The Map that Changed the World: William Smith and the Birth of Modern Geology, by Simon Winchester

Few branches of science are so closely attributable to a single originator as geology.  Simon Winchester gives us a brisk walk through the life of William Smith as his observations of the English countryside grew from surveying for coal mining, canal building and agricultural drainage to a full mapping of its surface and subsurface geologic structures. 

The life story includes Smith’s humble beginnings and emphasizes how his lack of social standing, despite his competence in his surveying work, hindered acceptance of his scientific work.  He tried to offset this status by living above his means, with consequent times of financial failure and debtors prison. 

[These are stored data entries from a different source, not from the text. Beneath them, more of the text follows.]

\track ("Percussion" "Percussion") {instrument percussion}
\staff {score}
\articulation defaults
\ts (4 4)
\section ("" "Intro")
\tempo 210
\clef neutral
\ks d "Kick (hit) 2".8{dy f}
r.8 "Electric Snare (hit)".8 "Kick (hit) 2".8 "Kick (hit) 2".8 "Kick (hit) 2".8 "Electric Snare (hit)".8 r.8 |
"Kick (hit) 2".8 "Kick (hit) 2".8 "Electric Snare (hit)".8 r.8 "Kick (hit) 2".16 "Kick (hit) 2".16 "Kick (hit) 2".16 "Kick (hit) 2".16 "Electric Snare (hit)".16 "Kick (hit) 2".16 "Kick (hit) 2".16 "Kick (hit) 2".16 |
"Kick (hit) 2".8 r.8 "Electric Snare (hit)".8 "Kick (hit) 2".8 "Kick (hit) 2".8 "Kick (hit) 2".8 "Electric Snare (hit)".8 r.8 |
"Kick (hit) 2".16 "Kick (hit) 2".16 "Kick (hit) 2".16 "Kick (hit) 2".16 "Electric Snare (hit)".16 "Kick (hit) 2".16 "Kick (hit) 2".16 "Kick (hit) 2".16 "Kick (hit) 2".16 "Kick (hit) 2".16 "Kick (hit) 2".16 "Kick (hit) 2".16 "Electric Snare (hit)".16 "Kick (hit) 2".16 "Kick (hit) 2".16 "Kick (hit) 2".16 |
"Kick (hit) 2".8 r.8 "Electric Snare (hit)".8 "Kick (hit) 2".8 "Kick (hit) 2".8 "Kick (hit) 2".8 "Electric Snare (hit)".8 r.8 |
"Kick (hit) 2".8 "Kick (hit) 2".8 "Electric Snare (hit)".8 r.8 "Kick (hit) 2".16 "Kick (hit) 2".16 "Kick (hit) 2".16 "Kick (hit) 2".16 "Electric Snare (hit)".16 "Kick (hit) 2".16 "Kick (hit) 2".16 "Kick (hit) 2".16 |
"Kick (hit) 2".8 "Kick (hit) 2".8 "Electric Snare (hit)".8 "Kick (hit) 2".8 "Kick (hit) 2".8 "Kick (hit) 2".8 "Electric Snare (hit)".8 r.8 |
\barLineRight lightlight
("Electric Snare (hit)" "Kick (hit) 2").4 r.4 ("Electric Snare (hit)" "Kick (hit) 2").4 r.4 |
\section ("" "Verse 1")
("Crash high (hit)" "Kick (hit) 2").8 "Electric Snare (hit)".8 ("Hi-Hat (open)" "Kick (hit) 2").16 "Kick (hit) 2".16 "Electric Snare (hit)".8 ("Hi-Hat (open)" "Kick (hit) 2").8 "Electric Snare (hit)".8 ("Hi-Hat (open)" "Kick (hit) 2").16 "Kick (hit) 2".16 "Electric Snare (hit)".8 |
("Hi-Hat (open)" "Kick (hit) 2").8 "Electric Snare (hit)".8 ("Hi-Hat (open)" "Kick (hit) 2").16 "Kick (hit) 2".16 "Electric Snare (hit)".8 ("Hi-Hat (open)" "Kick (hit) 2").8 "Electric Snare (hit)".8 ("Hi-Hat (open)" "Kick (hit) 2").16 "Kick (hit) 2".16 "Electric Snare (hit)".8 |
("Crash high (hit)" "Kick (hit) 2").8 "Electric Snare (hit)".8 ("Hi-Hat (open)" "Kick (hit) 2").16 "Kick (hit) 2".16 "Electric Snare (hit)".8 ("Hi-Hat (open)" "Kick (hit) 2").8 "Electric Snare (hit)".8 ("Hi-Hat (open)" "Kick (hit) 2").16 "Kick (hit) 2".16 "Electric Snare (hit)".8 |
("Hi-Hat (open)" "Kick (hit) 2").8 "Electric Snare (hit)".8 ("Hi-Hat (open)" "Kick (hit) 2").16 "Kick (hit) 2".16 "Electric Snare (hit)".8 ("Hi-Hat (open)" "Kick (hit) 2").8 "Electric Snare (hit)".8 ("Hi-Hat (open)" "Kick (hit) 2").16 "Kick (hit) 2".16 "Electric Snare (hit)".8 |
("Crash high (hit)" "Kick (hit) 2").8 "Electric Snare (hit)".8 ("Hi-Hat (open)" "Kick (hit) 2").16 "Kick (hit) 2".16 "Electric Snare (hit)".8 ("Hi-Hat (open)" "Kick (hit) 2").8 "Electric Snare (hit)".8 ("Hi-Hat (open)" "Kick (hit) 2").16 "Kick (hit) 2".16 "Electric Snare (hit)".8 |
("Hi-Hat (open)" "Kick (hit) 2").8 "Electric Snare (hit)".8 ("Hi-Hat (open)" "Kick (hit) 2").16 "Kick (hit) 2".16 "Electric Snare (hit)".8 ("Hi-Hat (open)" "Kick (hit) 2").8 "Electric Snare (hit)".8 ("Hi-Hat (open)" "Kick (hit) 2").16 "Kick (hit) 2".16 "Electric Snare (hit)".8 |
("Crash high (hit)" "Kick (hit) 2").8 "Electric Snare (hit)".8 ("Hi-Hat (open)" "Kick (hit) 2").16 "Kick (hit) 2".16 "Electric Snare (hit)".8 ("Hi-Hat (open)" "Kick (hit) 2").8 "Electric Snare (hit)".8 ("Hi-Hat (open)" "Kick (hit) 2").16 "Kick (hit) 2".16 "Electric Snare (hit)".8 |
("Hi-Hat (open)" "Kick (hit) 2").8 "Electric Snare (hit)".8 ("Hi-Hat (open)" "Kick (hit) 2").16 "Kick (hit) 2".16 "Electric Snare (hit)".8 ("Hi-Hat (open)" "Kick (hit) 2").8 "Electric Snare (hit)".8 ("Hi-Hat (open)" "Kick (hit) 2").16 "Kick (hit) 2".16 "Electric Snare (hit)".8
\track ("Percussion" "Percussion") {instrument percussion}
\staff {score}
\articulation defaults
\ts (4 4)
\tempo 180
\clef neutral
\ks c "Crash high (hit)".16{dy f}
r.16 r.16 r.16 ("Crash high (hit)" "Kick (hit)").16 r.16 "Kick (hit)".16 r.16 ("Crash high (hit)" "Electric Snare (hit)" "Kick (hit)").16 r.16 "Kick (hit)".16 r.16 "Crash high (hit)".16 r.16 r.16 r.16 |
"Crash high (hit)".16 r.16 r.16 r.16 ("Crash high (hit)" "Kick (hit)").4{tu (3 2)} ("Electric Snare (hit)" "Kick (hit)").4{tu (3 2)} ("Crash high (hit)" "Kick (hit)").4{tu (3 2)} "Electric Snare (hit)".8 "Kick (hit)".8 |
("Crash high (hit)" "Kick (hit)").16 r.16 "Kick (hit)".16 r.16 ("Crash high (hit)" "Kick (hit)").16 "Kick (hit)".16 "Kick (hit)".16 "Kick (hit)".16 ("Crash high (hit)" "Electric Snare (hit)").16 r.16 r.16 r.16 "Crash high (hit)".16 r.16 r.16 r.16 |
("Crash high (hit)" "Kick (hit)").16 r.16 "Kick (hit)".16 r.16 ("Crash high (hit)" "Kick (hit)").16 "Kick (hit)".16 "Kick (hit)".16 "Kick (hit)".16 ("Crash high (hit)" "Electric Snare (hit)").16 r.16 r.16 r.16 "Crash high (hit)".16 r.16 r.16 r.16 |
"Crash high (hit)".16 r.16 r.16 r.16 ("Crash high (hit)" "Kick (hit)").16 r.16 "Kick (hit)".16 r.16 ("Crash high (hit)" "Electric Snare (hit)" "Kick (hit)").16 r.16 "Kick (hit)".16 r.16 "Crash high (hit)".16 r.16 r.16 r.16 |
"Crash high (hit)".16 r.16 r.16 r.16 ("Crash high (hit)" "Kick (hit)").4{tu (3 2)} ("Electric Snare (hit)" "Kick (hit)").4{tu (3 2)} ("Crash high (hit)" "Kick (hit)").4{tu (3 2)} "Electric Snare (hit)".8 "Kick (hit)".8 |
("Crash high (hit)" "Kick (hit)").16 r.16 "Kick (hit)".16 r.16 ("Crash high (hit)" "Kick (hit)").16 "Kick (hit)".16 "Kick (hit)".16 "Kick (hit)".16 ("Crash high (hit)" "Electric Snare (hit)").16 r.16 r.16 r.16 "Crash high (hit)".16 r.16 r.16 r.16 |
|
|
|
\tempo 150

Recognition of his scientific work follows a similar arc.  Smith came to a sweeping understanding of the sedimentary layers of coal, limestone, chalk, and other soil and mineral formations that he observed in regular bands across England.  This understanding was enhanced by the correlation of fossils associated with different layers.  The consistent tilt of these layers also allowed him to predict their appearance underground.  This understanding was of obvious commercial value to the mining industry at that time and since to petroleum and other industries.  Smith finally compiled his observations in his “Map of the Strata of England and Wales,” which sold well, though Smith’s lack of social standing meant that the economic value of his work went largely to others.  Intellectual recognition of the originality of Smith’s work, and its importance to understanding the formation of the earth and the evolution of life, was contested for years.  Eventual recognition of Smith’s creative role in forming the science of geology came later in his life, giving a happy ending to the story.

Winchester’s telling of the story is quintessentially British in style.  He wields arcane vocabulary and scientific terminology in intricate sentences that are at times charming and at sometimes just dense.  Winchester makes scientific concepts understandable to readers willing to do some work, or skippable without losing the flow.  There are a number of helpful illustrations, but a shortage of maps of Smith’s whirlwind travels throughout England that would orient readers who don’t know that geography.  This book opened a new area of knowledge for most of our group, though some of us had touched bits of its subject matter.  It provided wonderful discussion material for our group.  We explored imprisonment for debt, how Smith avoided conflict with literal interpretations of biblical creation stories, the shift of thought during the unfolding of the age of reason and the industrial revolution and the individual genius of finding unique significance from observations seen by millions.